Он говорил, все более возвышая голос, и к его изысканному выговору человека "из общества" примешивалась пикантная гнусавость, которой, насколько я помню, он был обязан тому, что ему в свое время не удалили аденоиды.
– Помяните мое слово, - продолжал он.
– Пока мы не изменим своей линии поведения, мы не добьемся ничего. Мы пренебрегаем законом эволюции. Говорят, будто Дарвин устарел. А я скажу, что для меня он еще годится. Конкуренция вот единственный двигатель прогресса!
– Да, но конкуренция - очень жестокая вещь, - возразил я.
– Не всякий в состоянии ее выдержать.
– Тут я посмотрел на него в упор.
– Неужели вы против оказания помощи тем, кому эта конкуренция не под силу?
– Эх, - сказал он и, как бы щадя мою наивность, понизил голос.
– Тут дело коварное: только начни - конца не будет! Чем больше им дают, тем больше они требуют. А между тем они из-за этого теряют свой запал. Я довольно много об этом думал. Близорукая политика. Нет, нет, никуда это не годится!
– Но не хотите же вы, чтобы люди погибали от преждевременной дряхлости, от случайной болезни, от превратностей торговли и промышленности?
– возразил я.
– Нет, зачем же, - сказал он, - я вовсе не против благотворительности. Тетя Эмма у нас по этой части молодчина. Клод тоже. Да я и сам стараюсь вносить свою лепту.
Странное, чуть ли не виноватое выражение мелькнуло в его взгляде, и я вдруг почувствовал к нему прилив симпатии: "А он, собственно, славный малый", - подумал я.

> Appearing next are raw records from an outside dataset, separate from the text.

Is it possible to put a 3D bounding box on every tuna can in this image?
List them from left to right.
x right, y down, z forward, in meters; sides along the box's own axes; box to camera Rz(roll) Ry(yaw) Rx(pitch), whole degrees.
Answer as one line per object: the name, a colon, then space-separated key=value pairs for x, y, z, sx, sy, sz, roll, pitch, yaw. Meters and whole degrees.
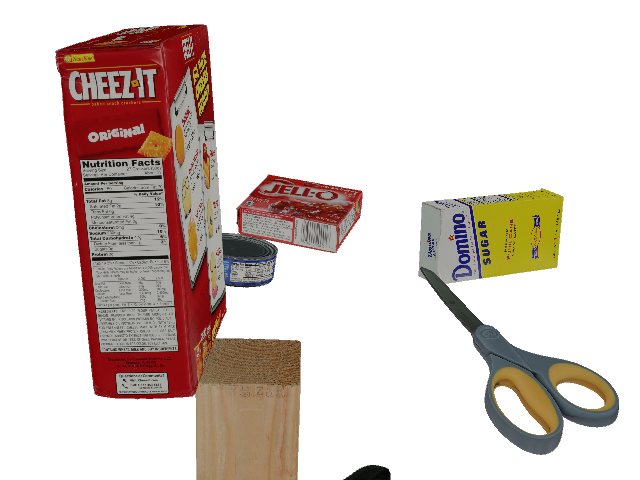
tuna can: x=-0.089 y=0.020 z=1.126 sx=0.086 sy=0.034 sz=0.086 roll=8 pitch=16 yaw=-2

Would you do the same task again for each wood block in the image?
wood block: x=-0.064 y=0.200 z=0.955 sx=0.090 sy=0.206 sz=0.091 roll=2 pitch=20 yaw=-2

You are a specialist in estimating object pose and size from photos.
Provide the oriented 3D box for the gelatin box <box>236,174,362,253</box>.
gelatin box: x=-0.017 y=-0.025 z=0.902 sx=0.089 sy=0.030 sz=0.073 roll=11 pitch=28 yaw=15

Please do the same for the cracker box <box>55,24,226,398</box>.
cracker box: x=-0.110 y=-0.026 z=0.693 sx=0.072 sy=0.214 sz=0.164 roll=-2 pitch=15 yaw=3

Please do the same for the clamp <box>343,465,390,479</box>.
clamp: x=-0.038 y=0.200 z=0.633 sx=0.210 sy=0.036 sz=0.164 roll=-5 pitch=28 yaw=1

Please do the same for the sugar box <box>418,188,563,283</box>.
sugar box: x=0.201 y=-0.005 z=1.256 sx=0.175 sy=0.093 sz=0.048 roll=-8 pitch=18 yaw=-28

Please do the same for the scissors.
scissors: x=0.137 y=0.073 z=0.740 sx=0.096 sy=0.016 sz=0.202 roll=-1 pitch=33 yaw=-9

– Я только лишь хочу сказать, - продолжал он, - что считаю порочным самый принцип, когда люди приучаются рассчитывать на какие-то блага, которые сваливаются на них независимо от их собственных усилий.
– Тут он повысил голос, и взгляд его снова стал неподвижным.

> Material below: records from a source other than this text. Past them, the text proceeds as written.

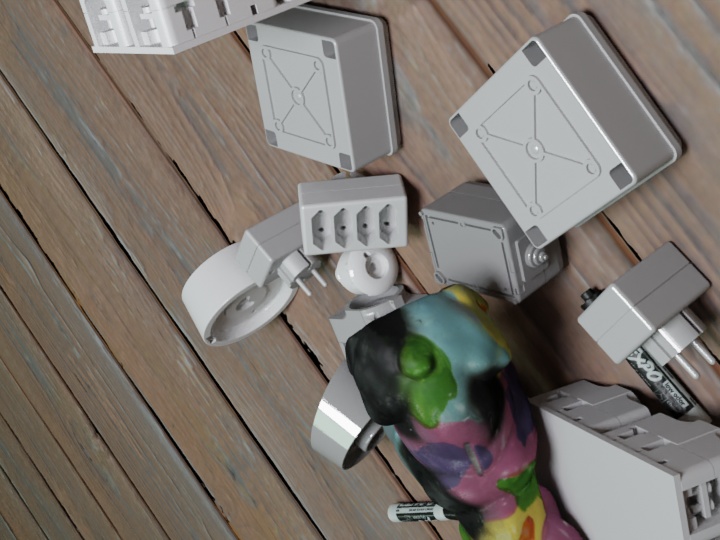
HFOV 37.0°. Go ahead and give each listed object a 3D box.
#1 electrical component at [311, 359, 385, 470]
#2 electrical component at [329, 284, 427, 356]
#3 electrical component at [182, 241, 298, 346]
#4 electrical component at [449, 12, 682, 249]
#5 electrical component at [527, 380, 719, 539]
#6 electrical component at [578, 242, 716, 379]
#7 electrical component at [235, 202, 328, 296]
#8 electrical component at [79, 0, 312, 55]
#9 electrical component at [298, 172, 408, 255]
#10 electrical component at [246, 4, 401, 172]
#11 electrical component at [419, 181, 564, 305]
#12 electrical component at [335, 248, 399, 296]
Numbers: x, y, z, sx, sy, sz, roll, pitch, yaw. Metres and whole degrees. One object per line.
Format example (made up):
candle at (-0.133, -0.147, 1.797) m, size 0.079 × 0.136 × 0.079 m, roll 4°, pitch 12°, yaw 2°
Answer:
electrical component at (-0.005, 0.130, 0.982) m, size 0.064 × 0.099 × 0.099 m, roll 38°, pitch 141°, yaw 19°
electrical component at (0.022, 0.048, 0.922) m, size 0.089 × 0.050 × 0.055 m, roll -1°, pitch 115°, yaw 53°
electrical component at (-0.120, 0.016, 1.033) m, size 0.060 × 0.108 × 0.108 m, roll 52°, pitch 146°, yaw 20°
electrical component at (0.127, -0.085, 0.678) m, size 0.108 × 0.056 × 0.109 m, roll 56°, pitch 146°, yaw 5°
electrical component at (0.188, 0.149, 0.726) m, size 0.186 × 0.060 × 0.105 m, roll -158°, pitch 54°, yaw -69°
electrical component at (0.192, 0.034, 0.678) m, size 0.076 × 0.066 × 0.047 m, roll 50°, pitch 145°, yaw 14°
electrical component at (-0.061, -0.009, 0.970) m, size 0.076 × 0.066 × 0.047 m, roll 49°, pitch 145°, yaw 14°
electrical component at (-0.090, -0.208, 0.744) m, size 0.105 × 0.186 × 0.060 m, roll 13°, pitch 126°, yaw 47°
electrical component at (-0.008, -0.055, 0.868) m, size 0.075 × 0.083 × 0.047 m, roll -101°, pitch 6°, yaw -54°
electrical component at (-0.028, -0.143, 0.833) m, size 0.109 × 0.056 × 0.108 m, roll 22°, pitch 132°, yaw 42°
electrical component at (0.100, -0.022, 0.757) m, size 0.096 × 0.061 × 0.061 m, roll 16°, pitch 130°, yaw 47°
electrical component at (0.000, 0.000, 0.920) m, size 0.062 × 0.048 × 0.048 m, roll -13°, pitch 105°, yaw 62°
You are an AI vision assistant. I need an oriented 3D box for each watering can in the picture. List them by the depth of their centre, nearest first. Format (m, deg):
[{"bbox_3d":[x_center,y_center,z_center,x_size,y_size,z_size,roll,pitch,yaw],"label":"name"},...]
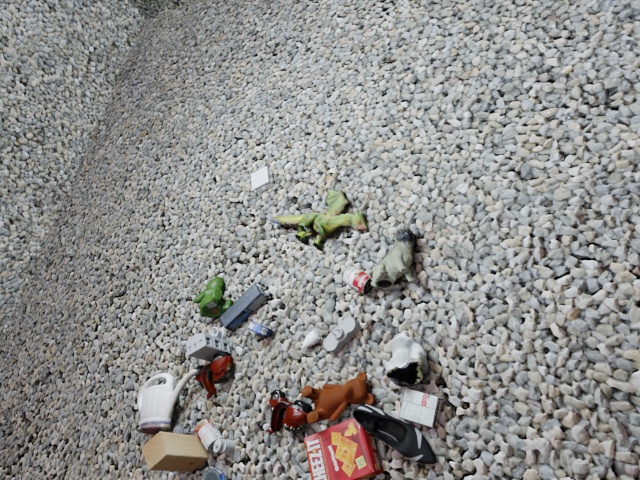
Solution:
[{"bbox_3d":[-0.597,0.620,1.979,0.344,0.103,0.229,-23,56,32],"label":"watering can"}]

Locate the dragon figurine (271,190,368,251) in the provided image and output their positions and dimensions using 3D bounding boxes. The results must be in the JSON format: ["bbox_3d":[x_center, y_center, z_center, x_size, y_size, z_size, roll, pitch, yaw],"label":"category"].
[{"bbox_3d":[0.006,-0.101,2.005,0.414,0.119,0.246,25,64,38],"label":"dragon figurine"}]

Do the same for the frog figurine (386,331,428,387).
[{"bbox_3d":[0.261,0.365,1.581,0.136,0.122,0.162,-46,14,16],"label":"frog figurine"}]

– Я убежден, что вся эта помощь, вся эта возня со слабыми - вредный и ненужный вздор. Самая элементарная логика говорит нам об этом.
В своем негодовании на "порочный принцип" он даже вскочил и, казалось, позабыл о моем присутствии. Он стоял у самого окна, и резкий, безжалостный свет подчеркивал все убожество этой бесцветной фигуры, его бледного, длинного, узкого лица, вялость его холеных белых рук, - все, что делало его не человеком, а тенью человека. Зато его гнусавый, не допускавший возражений голос забирал все выше и выше.
– Нет, тут нужна решимость! Надо раз навсегда прекратить все виды государственной помощи; надо приучить людей рассчитывать на самих себя. А этак мы только разведем паразитизм в народе.
Я вдруг испугался, как бы не лопнула одна из голубых жилок, пересекающих его белый лоб, - уж очень он разгорячился!
– и поспешил переменить тему разговора.
– Как вам нравится в деревне, у тетушки?
– спросил я.
– Не скучаете?
Он встрепенулся, словно я внезапно разбудил его своим вопросом.
– О! Так ведь это только временно, - ответил он, - пока не получу место, о котором вам говорил.
– Постойте... Сколько же лет прошло с тех пор, как?..
– Четыре года. Тетушка, разумеется, очень рада, что я живу у нее...
– Ну, а как ваш брат, Клод?
– Да он ничего, спасибо. Хлопоты, конечно, одолевают. Папаша, как вы знаете, оставил имение в довольно запущенном состоянии.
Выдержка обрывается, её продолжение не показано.